その他の例としては政治活動をしているグループや楽団、演劇団のような芸術集団、あるいは宗教団体などもあげられるでしょう。

このようにグループマインドという考え方でグループを見た時、そのグループを構成している構成員一人一人の心の状態がグループ全体に影響を与えると考えることができます。
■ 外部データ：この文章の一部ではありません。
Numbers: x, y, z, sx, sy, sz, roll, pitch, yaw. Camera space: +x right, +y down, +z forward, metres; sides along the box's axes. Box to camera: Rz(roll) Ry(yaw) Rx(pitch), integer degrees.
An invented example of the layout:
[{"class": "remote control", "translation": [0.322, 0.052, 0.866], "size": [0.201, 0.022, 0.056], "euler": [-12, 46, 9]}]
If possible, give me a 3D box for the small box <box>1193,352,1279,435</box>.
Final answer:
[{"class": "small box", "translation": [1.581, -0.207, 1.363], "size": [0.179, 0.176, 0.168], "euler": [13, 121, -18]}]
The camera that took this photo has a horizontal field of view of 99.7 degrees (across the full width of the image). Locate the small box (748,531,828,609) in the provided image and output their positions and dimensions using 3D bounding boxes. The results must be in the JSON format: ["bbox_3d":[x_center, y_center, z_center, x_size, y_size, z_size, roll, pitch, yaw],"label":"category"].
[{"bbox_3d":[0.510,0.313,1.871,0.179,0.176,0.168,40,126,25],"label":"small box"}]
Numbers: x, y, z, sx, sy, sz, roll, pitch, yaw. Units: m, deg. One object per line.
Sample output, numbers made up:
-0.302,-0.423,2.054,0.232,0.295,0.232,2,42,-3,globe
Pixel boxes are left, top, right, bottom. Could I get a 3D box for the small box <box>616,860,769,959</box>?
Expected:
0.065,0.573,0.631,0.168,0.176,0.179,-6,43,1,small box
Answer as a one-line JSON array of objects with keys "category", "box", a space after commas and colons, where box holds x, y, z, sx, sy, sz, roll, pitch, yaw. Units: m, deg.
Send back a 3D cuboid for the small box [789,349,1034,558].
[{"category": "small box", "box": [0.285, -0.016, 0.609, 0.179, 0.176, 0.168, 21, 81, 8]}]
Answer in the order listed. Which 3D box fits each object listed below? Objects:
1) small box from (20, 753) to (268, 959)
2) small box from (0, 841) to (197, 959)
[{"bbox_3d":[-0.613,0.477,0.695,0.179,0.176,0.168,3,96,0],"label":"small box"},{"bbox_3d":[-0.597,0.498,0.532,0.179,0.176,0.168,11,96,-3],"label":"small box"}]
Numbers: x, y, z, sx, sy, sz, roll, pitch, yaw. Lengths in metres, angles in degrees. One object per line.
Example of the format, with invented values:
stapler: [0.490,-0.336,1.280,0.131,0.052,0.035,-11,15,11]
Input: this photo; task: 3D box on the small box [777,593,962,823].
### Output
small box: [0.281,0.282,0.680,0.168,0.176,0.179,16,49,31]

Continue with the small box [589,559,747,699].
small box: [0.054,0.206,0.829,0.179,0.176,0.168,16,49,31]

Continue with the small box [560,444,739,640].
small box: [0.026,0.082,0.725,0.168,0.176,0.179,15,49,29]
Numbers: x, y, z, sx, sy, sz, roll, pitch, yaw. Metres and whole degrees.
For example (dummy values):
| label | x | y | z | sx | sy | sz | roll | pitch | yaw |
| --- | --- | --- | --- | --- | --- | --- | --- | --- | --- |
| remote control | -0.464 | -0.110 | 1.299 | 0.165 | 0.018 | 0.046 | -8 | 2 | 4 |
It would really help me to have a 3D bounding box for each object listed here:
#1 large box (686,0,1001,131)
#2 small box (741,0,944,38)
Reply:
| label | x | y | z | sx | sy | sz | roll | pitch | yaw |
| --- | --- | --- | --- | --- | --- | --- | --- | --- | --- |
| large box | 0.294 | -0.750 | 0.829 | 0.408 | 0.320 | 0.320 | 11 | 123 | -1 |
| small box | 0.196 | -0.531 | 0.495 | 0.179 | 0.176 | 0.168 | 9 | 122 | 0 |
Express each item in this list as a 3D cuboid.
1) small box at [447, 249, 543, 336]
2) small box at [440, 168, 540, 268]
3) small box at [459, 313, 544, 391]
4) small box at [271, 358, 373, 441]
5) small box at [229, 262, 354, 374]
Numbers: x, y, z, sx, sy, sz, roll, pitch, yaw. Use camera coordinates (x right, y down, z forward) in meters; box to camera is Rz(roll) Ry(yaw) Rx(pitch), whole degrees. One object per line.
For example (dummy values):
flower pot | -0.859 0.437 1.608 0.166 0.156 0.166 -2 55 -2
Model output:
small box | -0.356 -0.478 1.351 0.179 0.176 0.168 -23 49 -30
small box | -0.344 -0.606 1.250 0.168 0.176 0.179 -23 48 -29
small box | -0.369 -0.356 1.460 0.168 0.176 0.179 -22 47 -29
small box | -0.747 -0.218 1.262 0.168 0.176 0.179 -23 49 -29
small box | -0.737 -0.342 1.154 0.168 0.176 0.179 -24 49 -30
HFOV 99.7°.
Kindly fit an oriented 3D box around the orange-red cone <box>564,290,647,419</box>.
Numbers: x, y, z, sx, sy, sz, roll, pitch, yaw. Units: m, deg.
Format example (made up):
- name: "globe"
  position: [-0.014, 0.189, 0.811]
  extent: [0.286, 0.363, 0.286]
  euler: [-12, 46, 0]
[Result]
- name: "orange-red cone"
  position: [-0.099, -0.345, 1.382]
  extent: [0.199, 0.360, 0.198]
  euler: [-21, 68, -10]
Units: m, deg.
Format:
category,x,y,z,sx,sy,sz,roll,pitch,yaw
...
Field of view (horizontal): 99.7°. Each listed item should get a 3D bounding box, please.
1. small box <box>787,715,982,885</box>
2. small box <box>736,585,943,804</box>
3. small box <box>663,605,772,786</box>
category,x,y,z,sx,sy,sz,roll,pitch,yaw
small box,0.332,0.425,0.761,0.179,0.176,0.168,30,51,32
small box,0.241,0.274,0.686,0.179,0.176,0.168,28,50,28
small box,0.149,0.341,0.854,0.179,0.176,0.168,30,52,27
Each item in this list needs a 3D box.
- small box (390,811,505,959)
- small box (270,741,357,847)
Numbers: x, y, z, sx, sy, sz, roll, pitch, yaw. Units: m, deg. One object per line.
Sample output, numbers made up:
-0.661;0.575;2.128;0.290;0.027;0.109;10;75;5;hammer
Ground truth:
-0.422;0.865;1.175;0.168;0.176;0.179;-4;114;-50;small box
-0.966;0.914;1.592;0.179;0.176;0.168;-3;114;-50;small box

カヴン等の魔女のグループも同様のことが言えます。前述のようにそのグループの主要なメンバーの考え方や構成メンバー一人一人の心の持ちようがグループ全体に大きな影響を与える作用をします。更にこれに加えて、そしてこれが大切なのですが、伝統のある流派の場合、その流派が受け継いできた、いわば「歴史的グループマインド」とも言うべきものが構成員に大きな影響を与えたりもします。また結成して数年でも活動が活発なグループでは歴史的グループマインドと同じようなグループマインドが構成員に影響することもよくあります。ただ、残念ながらこうした歴史の浅い団体のグループマインドは往々にして極端に走りやすかったりもするので注意が必要です。

魔女のグループを作ったり、加入したりする時にはこのグループマインドという視点をしっかりと持っていないと構成員一人一人にそれが大きな影響を及ぼしてしまうという、とても大きな点を見失うことになってしまいますがこれについて指摘している本やサイトなど、初心者 (中級者も)が手にできるものにないのが残念かつ危険な現状が特に日本では長く続いているのです。ですから、魔女のグループに加入したり、あるいは結成したりする時にはできればキャリアの長い魔女に相談してみるくらいの用心深さが必要だとも言えます。